Welcome to the second guest post!  I’m letting anyone who wants to show off an offal dish submit a post with pictures.  Feel like divulging your secret beef heart tartar recipe?  Are you keen on spleen?  Let me know and we’ll post your hard work here!

Having got to the two St John’s cookbooks and being a regular at St John’s Bread and Wine it was time to get into some of the more unusual recipes. I have made the chutney, the poached chicken with aioli and the loin of pork with roast garlic and anchovy sauce. With a great butcher on the way to work who seem to be able to secure most things a pig’s head seemed like a logical next step. It’s not often you can say that.
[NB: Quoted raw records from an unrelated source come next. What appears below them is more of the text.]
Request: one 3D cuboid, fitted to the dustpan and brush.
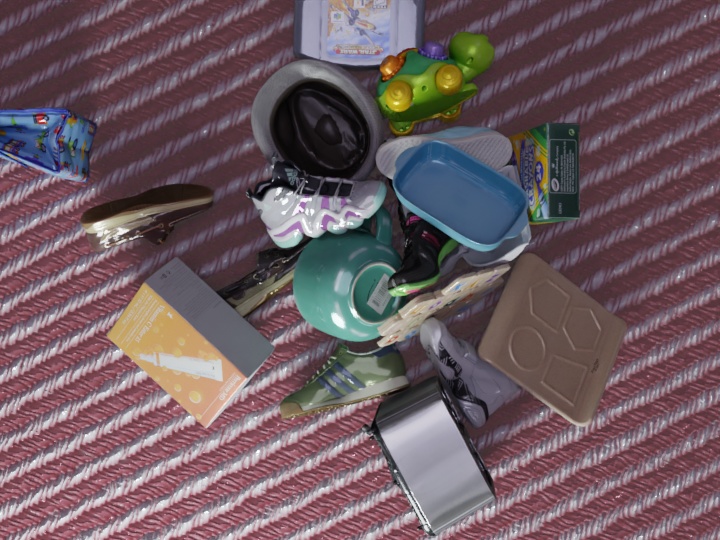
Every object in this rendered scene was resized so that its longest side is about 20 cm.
[{"bbox_3d":[0.167,-0.044,1.484,0.056,0.201,0.141,7,54,-18],"label":"dustpan and brush"}]

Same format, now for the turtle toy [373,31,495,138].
[{"bbox_3d":[0.104,-0.278,1.493,0.197,0.146,0.102,-19,76,-1],"label":"turtle toy"}]

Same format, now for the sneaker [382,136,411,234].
[{"bbox_3d":[0.090,-0.103,1.521,0.078,0.074,0.203,-14,90,-5],"label":"sneaker"}]

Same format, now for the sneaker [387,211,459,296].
[{"bbox_3d":[0.080,-0.035,1.425,0.076,0.201,0.084,-18,116,37],"label":"sneaker"}]

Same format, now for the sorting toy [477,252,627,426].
[{"bbox_3d":[0.278,0.100,1.495,0.199,0.036,0.187,33,65,-11],"label":"sorting toy"}]

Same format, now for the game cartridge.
[{"bbox_3d":[-0.002,-0.368,1.541,0.197,0.042,0.135,2,86,1],"label":"game cartridge"}]

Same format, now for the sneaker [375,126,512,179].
[{"bbox_3d":[0.115,-0.168,1.488,0.197,0.082,0.075,-3,109,-9],"label":"sneaker"}]

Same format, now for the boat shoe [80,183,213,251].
[{"bbox_3d":[-0.312,-0.074,1.537,0.197,0.072,0.073,-16,120,-10],"label":"boat shoe"}]

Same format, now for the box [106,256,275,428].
[{"bbox_3d":[-0.245,0.103,1.490,0.200,0.098,0.125,42,121,1],"label":"box"}]

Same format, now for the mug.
[{"bbox_3d":[-0.008,0.007,1.465,0.150,0.114,0.188,-17,108,-29],"label":"mug"}]

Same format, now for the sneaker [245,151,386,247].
[{"bbox_3d":[-0.073,-0.115,1.438,0.198,0.078,0.140,-20,125,25],"label":"sneaker"}]

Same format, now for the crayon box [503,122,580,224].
[{"bbox_3d":[0.247,-0.130,1.451,0.051,0.200,0.128,0,90,-11],"label":"crayon box"}]

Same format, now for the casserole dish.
[{"bbox_3d":[0.134,-0.098,1.395,0.199,0.039,0.121,32,61,16],"label":"casserole dish"}]

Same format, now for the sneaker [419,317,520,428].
[{"bbox_3d":[0.167,0.126,1.496,0.114,0.075,0.201,-33,119,-6],"label":"sneaker"}]

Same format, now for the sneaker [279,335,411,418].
[{"bbox_3d":[-0.030,0.155,1.530,0.197,0.067,0.091,-15,78,3],"label":"sneaker"}]

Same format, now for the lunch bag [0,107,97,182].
[{"bbox_3d":[-0.502,-0.195,1.490,0.197,0.151,0.096,10,90,1],"label":"lunch bag"}]

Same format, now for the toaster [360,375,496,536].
[{"bbox_3d":[0.098,0.258,1.458,0.118,0.200,0.182,-29,89,5],"label":"toaster"}]

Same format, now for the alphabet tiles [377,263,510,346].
[{"bbox_3d":[0.115,0.047,1.455,0.195,0.199,0.015,-43,70,40],"label":"alphabet tiles"}]

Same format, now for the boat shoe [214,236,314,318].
[{"bbox_3d":[-0.133,0.000,1.523,0.199,0.073,0.065,-39,95,1],"label":"boat shoe"}]

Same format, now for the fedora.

So I scored the head for a fiver and got a couple of trotters for 50p each.

Half the head was for brawn the other half for a straight up roast. Both recipes are in the St John’s cookbooks though I changed a few bits due to what ingredients I had.


I put him in the sink and gave him a bit of a shave. There was some white stuff incrusted in his ears which I drew out.

I couldn’t believe how small the brain cavity was, I know pigs can’t exactly walk, talk and play cards but it was pretty minute.

Half the head went into a big pot with the trotters, onion, celery, pepper corns, coriander seeds, thyme and water. I cooked this on a lowish heat for about two and a half hours.

When ready I took the head out and stripped the meat off the skull. It was mainly in the cheek area and around the neck.

I chopped some of the fatty flesh from the snout and put that in the mix too, with some finely chopped parsley. The stock I strained and reduced over a strong heat for a good half-hour until it looked thick and gelatinous. I put the chopped meat mixture in an oven dish with salt, pepper and a little slug of red wine vinegar, poured enough of the stock over it and smoothed it all down. It went into the fridge for tomorrow.

Here’s a picture of Oliver’s beautiful brawn. – Ryan


For the other half I first browned some shallots and garlic in some butter in the oven. The head then went in with a couple of glasses of red wine and some water. The recipe asked for stock but I didn’t have any so I put a teaspoon of veg bouillon power in too, with some fresh parsley. This cooked for about two and half hours also.

When roasted I took the meat out, added some Dijon mustard to the liquid in the cooking tray, by now glossy with fat, and some watercress as directed. I then served it – boiled potatoes with the sauce drizzled over it with the head chopped up at table and lots of effort put into extracting the meat.


So was it worth it? As entertainment yes, as food no. The roast head was so fatty it was overwhelming and there was not much meat to be had. The meat I did get was nice though, rich like pork belly. Really, though, it was a fun bit of theatre in the kitchen and there is nothing wrong with a bit of that to brighten up your Wednesday evening.